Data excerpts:

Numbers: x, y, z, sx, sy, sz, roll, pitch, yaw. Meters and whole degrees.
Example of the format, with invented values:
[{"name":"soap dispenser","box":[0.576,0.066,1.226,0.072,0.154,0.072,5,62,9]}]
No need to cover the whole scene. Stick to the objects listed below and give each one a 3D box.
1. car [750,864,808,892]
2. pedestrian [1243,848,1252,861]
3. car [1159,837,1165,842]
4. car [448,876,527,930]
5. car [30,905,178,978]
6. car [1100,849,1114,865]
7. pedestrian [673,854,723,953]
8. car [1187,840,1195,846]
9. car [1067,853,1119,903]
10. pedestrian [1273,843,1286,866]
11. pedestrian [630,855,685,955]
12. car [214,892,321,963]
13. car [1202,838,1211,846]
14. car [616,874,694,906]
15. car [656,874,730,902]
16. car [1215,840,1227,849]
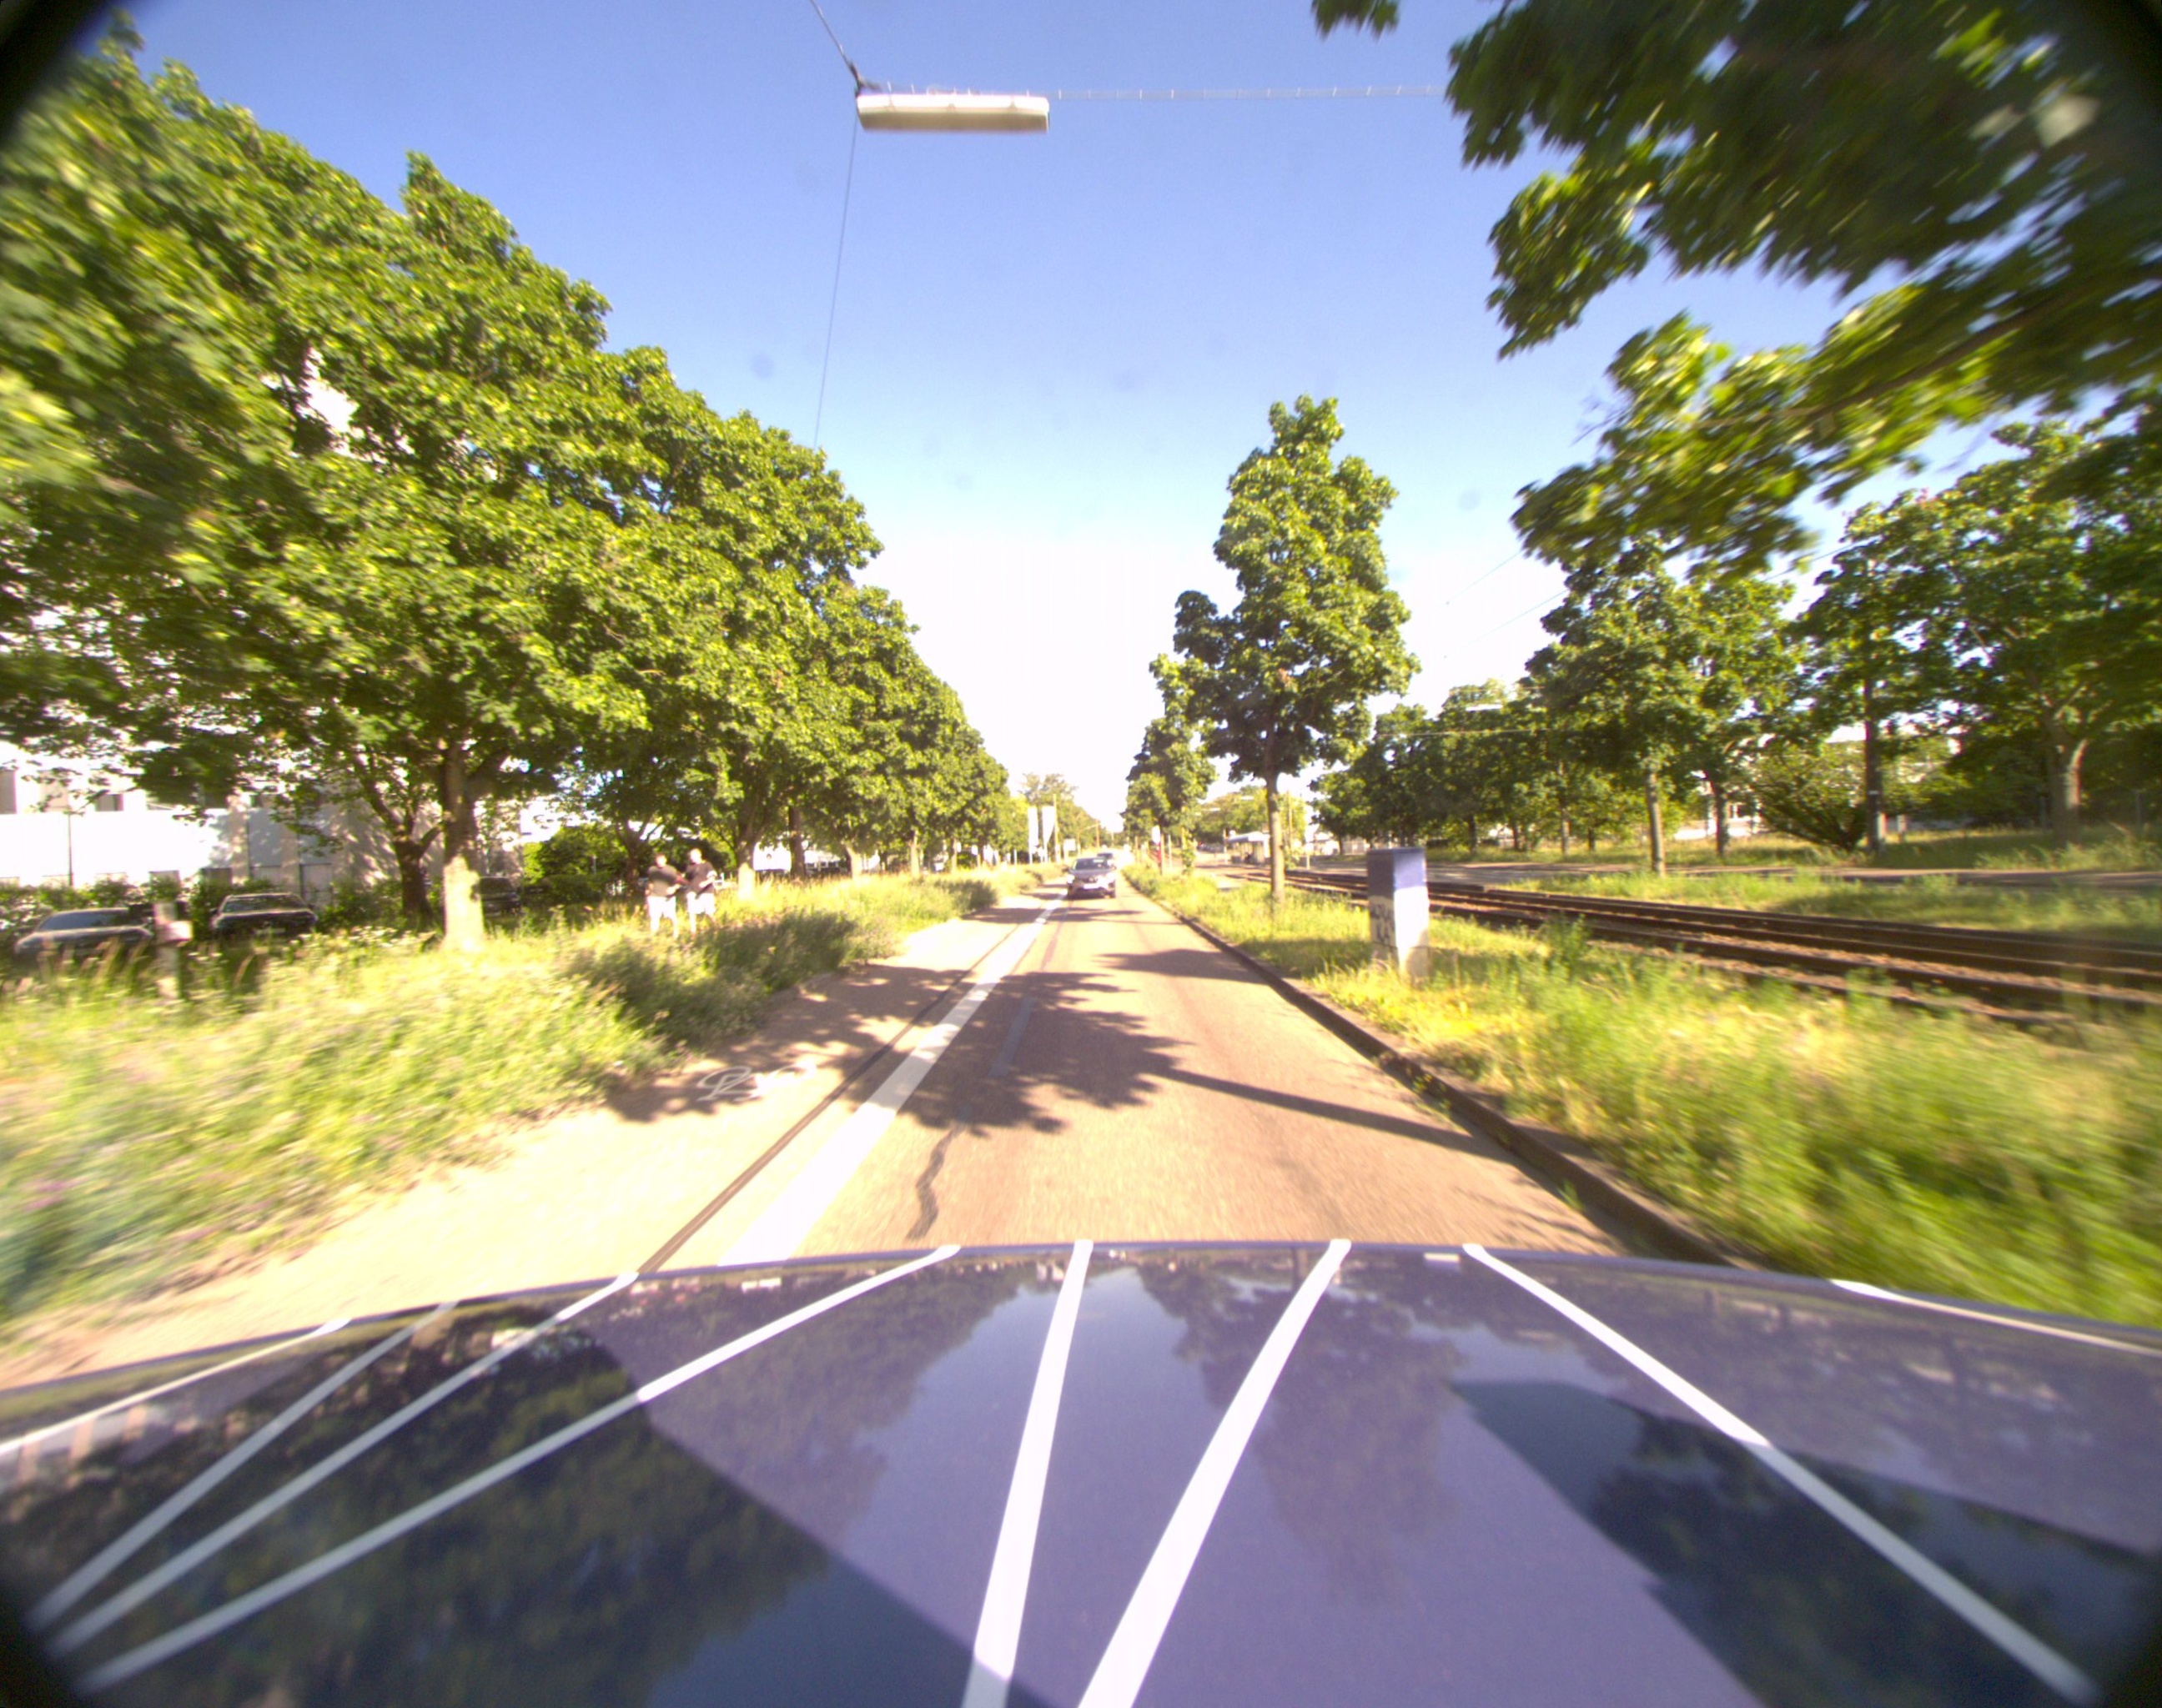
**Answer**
[{"name":"car","box":[-21.995,1.743,55.206,2.083,1.865,5.173,-4,0,-44]},{"name":"pedestrian","box":[15.917,0.042,72.775,0.650,1.241,0.681,0,0,-7]},{"name":"car","box":[26.733,-4.801,250.807,1.701,1.575,3.456,-2,0,0]},{"name":"car","box":[-22.616,1.812,28.871,1.922,1.741,5.442,-3,0,-42]},{"name":"car","box":[-22.466,1.934,17.629,3.977,1.333,1.712,-3,0,43]},{"name":"car","box":[3.013,0.331,88.604,1.555,1.764,3.456,-2,0,0]},{"name":"pedestrian","box":[-7.718,0.981,15.352,0.711,1.906,0.815,-3,1,-21]},{"name":"car","box":[30.417,-2.911,210.994,1.701,1.575,3.456,-2,0,0]},{"name":"car","box":[0.449,0.840,28.740,1.750,1.585,4.246,-3,1,0]},{"name":"pedestrian","box":[15.200,0.041,58.193,0.786,1.741,0.781,-3,1,1]},{"name":"pedestrian","box":[-8.569,1.007,15.407,0.710,1.919,0.815,-3,1,-17]},{"name":"car","box":[-22.294,1.926,20.781,3.977,1.629,1.727,-3,0,40]},{"name":"car","box":[29.233,-2.795,177.151,1.701,1.575,3.456,-2,0,0]},{"name":"car","box":[-22.731,1.947,40.448,4.537,1.506,1.851,-3,0,36]},{"name":"car","box":[-22.256,1.958,43.529,4.537,1.440,1.851,-3,0,36]},{"name":"car","box":[27.934,-1.883,151.720,1.771,1.575,3.456,-2,0,0]}]

Action item: What you return must be an exact retyping of the lines above starting at the line with "5. car [30,905,178,978]" and ending at the line with "16. car [1215,840,1227,849]", and nothing besides.

Output below:
5. car [30,905,178,978]
6. car [1100,849,1114,865]
7. pedestrian [673,854,723,953]
8. car [1187,840,1195,846]
9. car [1067,853,1119,903]
10. pedestrian [1273,843,1286,866]
11. pedestrian [630,855,685,955]
12. car [214,892,321,963]
13. car [1202,838,1211,846]
14. car [616,874,694,906]
15. car [656,874,730,902]
16. car [1215,840,1227,849]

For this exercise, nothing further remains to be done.